Summarization - Often used in conjunction with research applications, summaries of topics are created automatically so that actual people do not have to wade through a large number of long-winded articles (perhaps such as this one!).

Question Answering - This is the new hot topic in NLP, as evidenced by Siri and Watson. However, long before these tools, we had Ask Jeeves (now Ask.com), and later Wolfram Alpha, which specialized in question answering. The idea here is that you can ask a computer a question and have it answer you (Star Trek-style! "Computer…").

Many other applications of NLP technology exist today, but these five applications are the ones most commonly seen in modern enterprise applications.
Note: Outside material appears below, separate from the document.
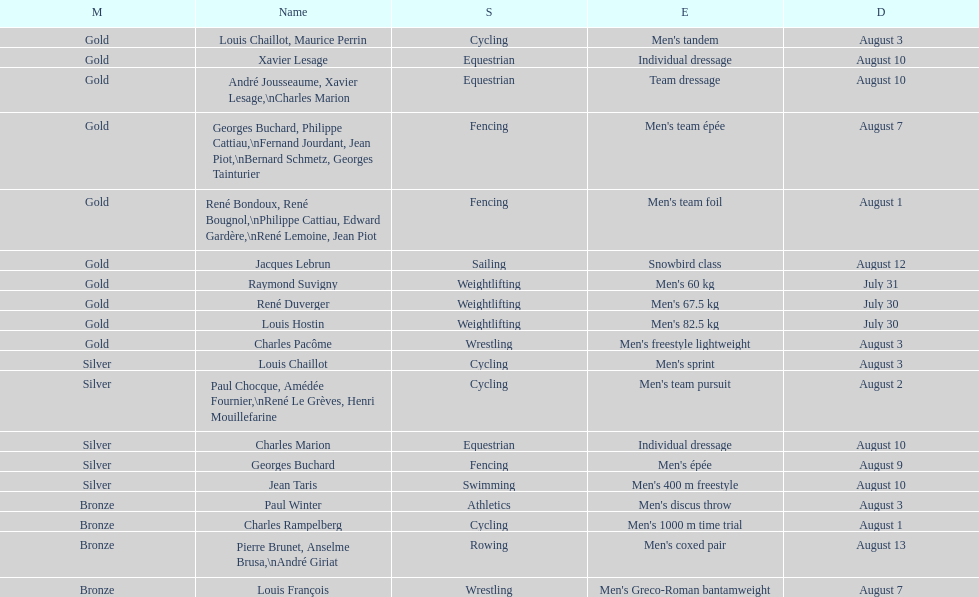In which event were the most medals obtained? Cycling.

Applying NLP in Semantic Web Projects

So how can NLP technologies realistically be used in conjunction with the Semantic Web? The answer is that the combination can be utilized in any application where you are contending with a large amount of unstructured information, particularly if you also are dealing with related, structured information stored in conventional databases.
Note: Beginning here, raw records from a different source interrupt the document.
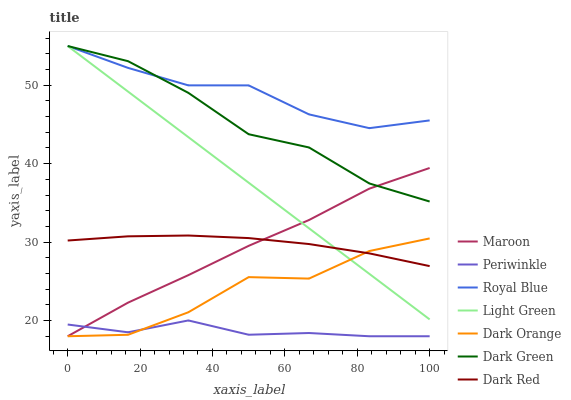Does Periwinkle have the minimum area under the curve?
Answer yes or no. Yes. Does Royal Blue have the maximum area under the curve?
Answer yes or no. Yes. Does Dark Red have the minimum area under the curve?
Answer yes or no. No. Does Dark Red have the maximum area under the curve?
Answer yes or no. No. Is Light Green the smoothest?
Answer yes or no. Yes. Is Dark Orange the roughest?
Answer yes or no. Yes. Is Dark Red the smoothest?
Answer yes or no. No. Is Dark Red the roughest?
Answer yes or no. No. Does Dark Orange have the lowest value?
Answer yes or no. Yes. Does Dark Red have the lowest value?
Answer yes or no. No. Does Dark Green have the highest value?
Answer yes or no. Yes. Does Dark Red have the highest value?
Answer yes or no. No. Is Dark Orange less than Dark Green?
Answer yes or no. Yes. Is Dark Green greater than Dark Orange?
Answer yes or no. Yes. Does Dark Orange intersect Periwinkle?
Answer yes or no. Yes. Is Dark Orange less than Periwinkle?
Answer yes or no. No. Is Dark Orange greater than Periwinkle?
Answer yes or no. No. Does Dark Orange intersect Dark Green?
Answer yes or no. No.

Clearly, then, the primary pattern is to use NLP to extract structured data from text-based documents. These data are then linked via Semantic technologies to pre-existing data located in databases and elsewhere, thus bridging the gap between documents and formal, structured data.

Consider the example of Competitive Intelligence. In this field, professionals need to keep abreast of what's happening across their entire industry. Most information about the industry is published in press releases, news stories, and the like, and very little of this information is encoded in a highly structured way. However, most information about one's own business will be represented in structured databases internal to each specific organization.

Due to the lack of structure in news clippings, it is very difficult for a pharmaceutical competitive intelligence officer to get answers to questions such as, "Which companies have published information in the last 6 months referencing compounds that target a specific pathway that we're targeting this year?" At the moment, the most common approach to this problem is for certain people to read thousands of articles and keep  this information in their heads, or in workbooks like Excel, or, more likely, nowhere at all.

Fortunately, however, things are changing. Combining Semantic Web technologies with NLP technologies, we can now extract relevant information from news clippings and link that information to more rigorous scientific data (e.g., on biological compounds, pathways, which compounds relate to which pathways, etc.) that typically have already been defined and are being stored in structured databases. The combination of NLP and Semantic Web technology enables the pharmaceutical competitive intelligence officer to ask such complicated questions and actually get reasonable answers in return.

In fact, this is one area where Semantic Web technologies have a huge advantage over relational technologies. By their very nature, NLP technologies can extract a wide variety of information, and Semantic Web technologies are by their very nature created to store such varied and changing data. In cases such as this, a fixed relational model of data storage is clearly inadequate.

Together with the flexibility of RDF (the data model of the Semantic Web), NLP technologies can go to work doing what they do best: pulling whatever structure is possible from textual data. At the same time, this setup allows consumption to evolve along with NLP capabilities, without requiring a complete redesign of any applications that use those data. For example, if today your NLP implementation cannot extract protein data from documents, but next month it can, a Semantic Web application will embrace that change without requiring heavy re-implementation.

Conclusion

The combination of NLP and Semantic Web technologies provide the capability of dealing with a mixture of structured and unstructured data that is simply not possible using traditional, relational tools.